7.4.2 Biomarkers of Kidney Injury
It is assumed that delayed detection of AKI is one of the reasons for the failure of intervention trials designed to treat AKI. Hence, kidney injury biomarkers for early detection of the clinical process of AKI and for predicting the need of dialysis or other complications before the changes of the functional biomarkers (i.e., SCr) have been searching by a lot of efforts. These biomarkers including kidney injury molecule 1 (KIM-1), neutrophil gelatinase associated lipocalin (NGAL), liver-type fatty acid-binding protein (l-FABP), interleukin 18 (IL-18), insulin-like growth factor binding protein 7 (IGFBP-7), and tissue inhibitor of metalloproteinase-2 (TIMP-2) can provide information about tubular damage, usually before renal function declines.

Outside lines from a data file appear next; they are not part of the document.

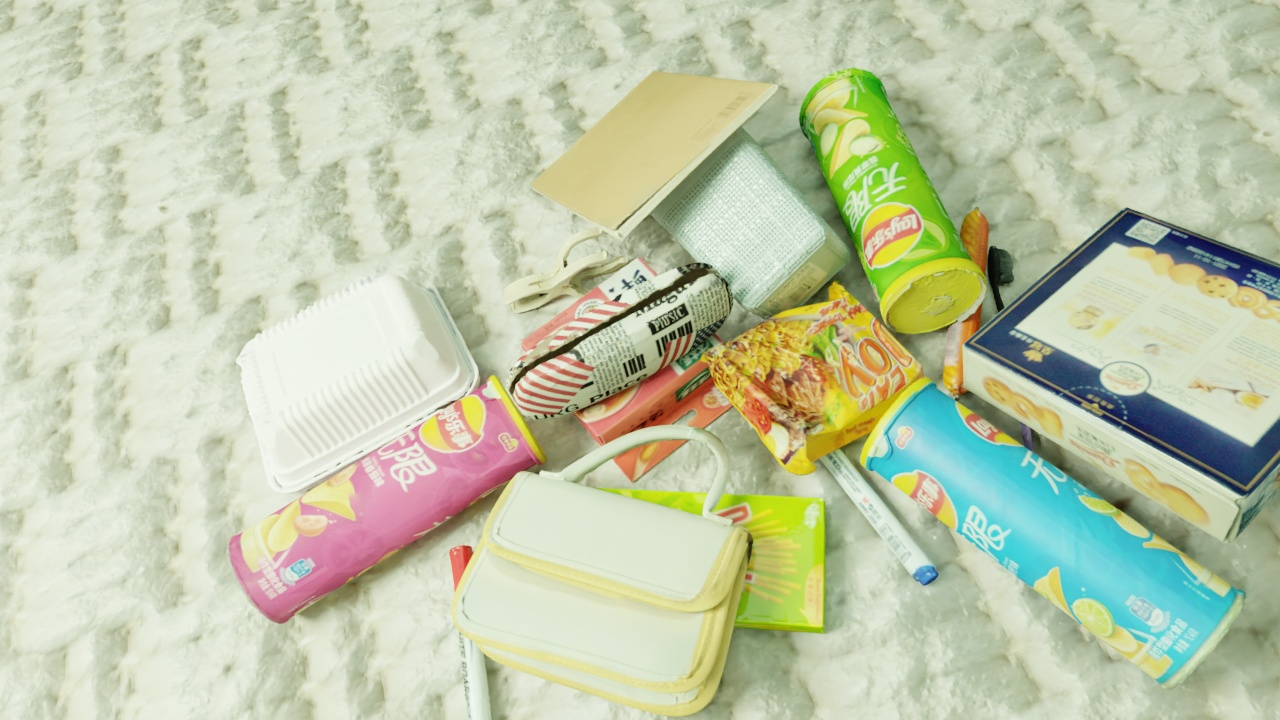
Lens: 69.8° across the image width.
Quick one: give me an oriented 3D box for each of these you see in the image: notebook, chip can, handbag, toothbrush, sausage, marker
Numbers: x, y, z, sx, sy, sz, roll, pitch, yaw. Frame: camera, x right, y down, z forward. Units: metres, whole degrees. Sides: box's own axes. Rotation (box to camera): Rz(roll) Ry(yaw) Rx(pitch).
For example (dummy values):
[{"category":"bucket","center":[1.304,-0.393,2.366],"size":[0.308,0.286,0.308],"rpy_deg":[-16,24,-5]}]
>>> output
[{"category":"notebook","center":[-0.001,-0.166,0.701],"size":[0.149,0.012,0.211],"rpy_deg":[-44,29,-3]},{"category":"chip can","center":[0.238,0.097,0.552],"size":[0.210,0.071,0.071],"rpy_deg":[38,74,26]},{"category":"chip can","center":[0.179,-0.124,0.678],"size":[0.072,0.073,0.221],"rpy_deg":[-14,55,3]},{"category":"handbag","center":[-0.015,0.111,0.572],"size":[0.163,0.063,0.178],"rpy_deg":[12,62,15]},{"category":"toothbrush","center":[0.262,-0.002,0.637],"size":[0.017,0.014,0.188],"rpy_deg":[3,62,-1]},{"category":"sausage","center":[0.235,-0.044,0.660],"size":[0.021,0.021,0.164],"rpy_deg":[9,64,15]},{"category":"chip can","center":[-0.171,0.095,0.633],"size":[0.210,0.071,0.071],"rpy_deg":[-32,60,-7]},{"category":"marker","center":[0.145,0.086,0.609],"size":[0.017,0.017,0.145],"rpy_deg":[-32,60,-7]},{"category":"marker","center":[-0.110,0.191,0.599],"size":[0.017,0.017,0.145],"rpy_deg":[-15,60,2]}]

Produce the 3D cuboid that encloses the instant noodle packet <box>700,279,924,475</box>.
[{"category":"instant noodle packet","center":[0.123,0.008,0.627],"size":[0.128,0.044,0.110],"rpy_deg":[-27,65,-24]}]

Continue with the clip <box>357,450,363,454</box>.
[{"category":"clip","center":[-0.209,0.078,0.683],"size":[0.049,0.015,0.056],"rpy_deg":[-21,60,-4]}]

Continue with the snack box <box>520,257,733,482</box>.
[{"category":"snack box","center":[-0.004,0.004,0.666],"size":[0.113,0.044,0.127],"rpy_deg":[-37,62,-10]}]

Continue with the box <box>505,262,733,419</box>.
[{"category":"box","center":[-0.015,-0.015,0.616],"size":[0.164,0.072,0.059],"rpy_deg":[-27,77,-7]}]

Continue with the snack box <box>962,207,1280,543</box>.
[{"category":"snack box","center":[0.331,-0.004,0.573],"size":[0.182,0.046,0.178],"rpy_deg":[-36,47,-17]}]

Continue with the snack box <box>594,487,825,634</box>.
[{"category":"snack box","center":[0.041,0.129,0.599],"size":[0.156,0.026,0.085],"rpy_deg":[1,63,11]}]

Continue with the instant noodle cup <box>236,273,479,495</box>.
[{"category":"instant noodle cup","center":[-0.223,0.005,0.691],"size":[0.173,0.060,0.138],"rpy_deg":[-30,52,-5]}]

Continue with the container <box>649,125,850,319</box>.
[{"category":"container","center":[0.083,-0.094,0.665],"size":[0.090,0.089,0.111],"rpy_deg":[-44,66,15]}]

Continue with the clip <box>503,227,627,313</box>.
[{"category":"clip","center":[-0.058,-0.071,0.708],"size":[0.102,0.094,0.035],"rpy_deg":[-6,60,-5]}]
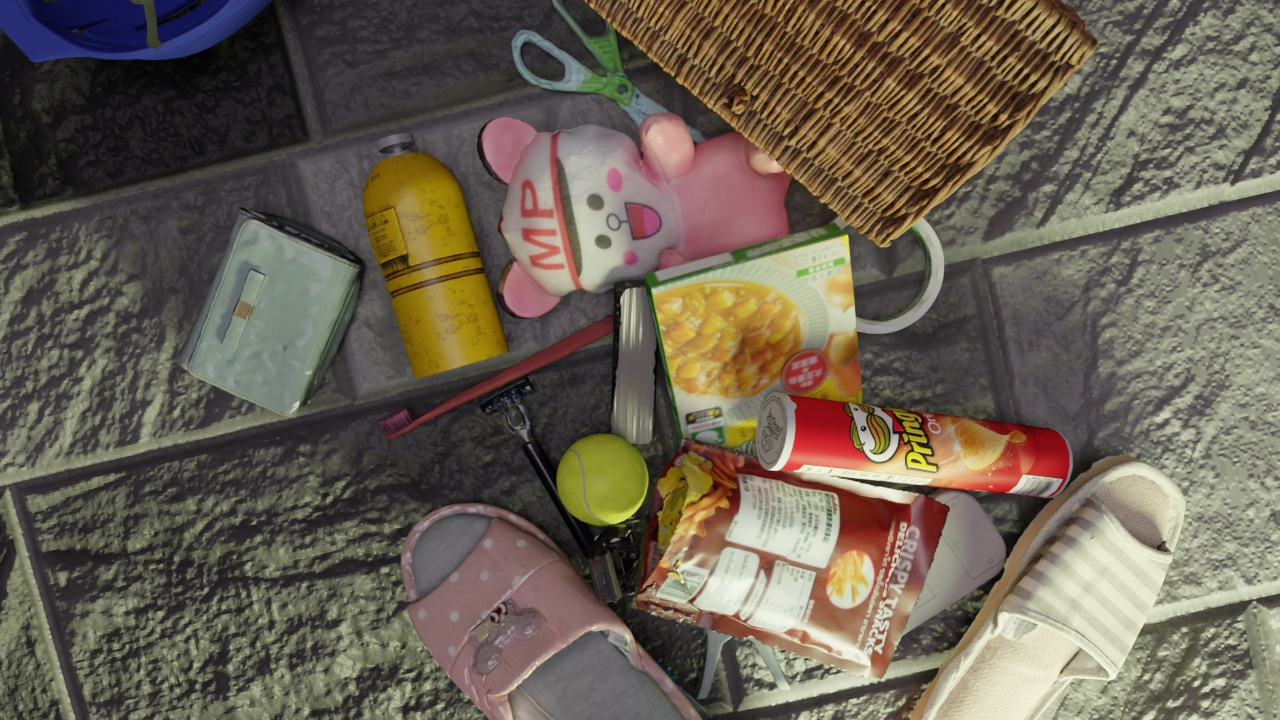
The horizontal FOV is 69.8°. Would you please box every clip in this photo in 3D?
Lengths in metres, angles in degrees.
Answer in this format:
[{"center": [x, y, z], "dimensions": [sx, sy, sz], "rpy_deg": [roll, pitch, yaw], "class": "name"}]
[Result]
[{"center": [0.085, 0.166, 0.677], "dimensions": [0.115, 0.028, 0.163], "rpy_deg": [-6, 95, 3], "class": "clip"}]

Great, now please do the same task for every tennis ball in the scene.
[{"center": [-0.027, 0.085, 0.653], "dimensions": [0.065, 0.065, 0.065], "rpy_deg": [0, 94, 1], "class": "tennis ball"}]

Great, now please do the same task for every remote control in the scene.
[{"center": [-0.004, 0.004, 0.642], "dimensions": [0.033, 0.013, 0.137], "rpy_deg": [1, 126, -2], "class": "remote control"}, {"center": [0.192, 0.157, 0.678], "dimensions": [0.151, 0.019, 0.074], "rpy_deg": [-34, 93, 4], "class": "remote control"}]

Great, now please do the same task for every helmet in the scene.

l-FABP—After ischemic injury, the expression of l-FABP was induced in renal proximal tubules. One hour after injury, the amount of this protein in urine increases to detectable levels, reaching a peak 6 h after AKI [55].
NGAL—An enzyme that can activate protective enzymes and prevent production of oxygen-free radicals is released from damaged proximal and distal tubular cells after kidney injury. The neutrophils and liver cells in septic patients also release this enzyme. It can be detected in urine and serum 3 h after AKI, reaching a peak 6 h after AKI [56].
IL-18—A pro-inflammatory cytokine that is upregulated in proximal tubule after ischemic AKI. It is detectable in urine and serum 6 h after AKI and peaks 12–18 h after AKI [57].
IGFBP-7 and TIMP-2—Both proteins can induce G1 cell cycle arrest in G1 phase, thus preventing endothelial cells proliferation. They are detectable in urine 12 h after AKI [58].
KIM-1—A protein produced by proximal tubular cells after injury can activate immune cells resulting in elimination and reconstructing of damaged tubule. It is detectable in urine 12–24 h after AKI and peaks 48–72 h after AKI [59].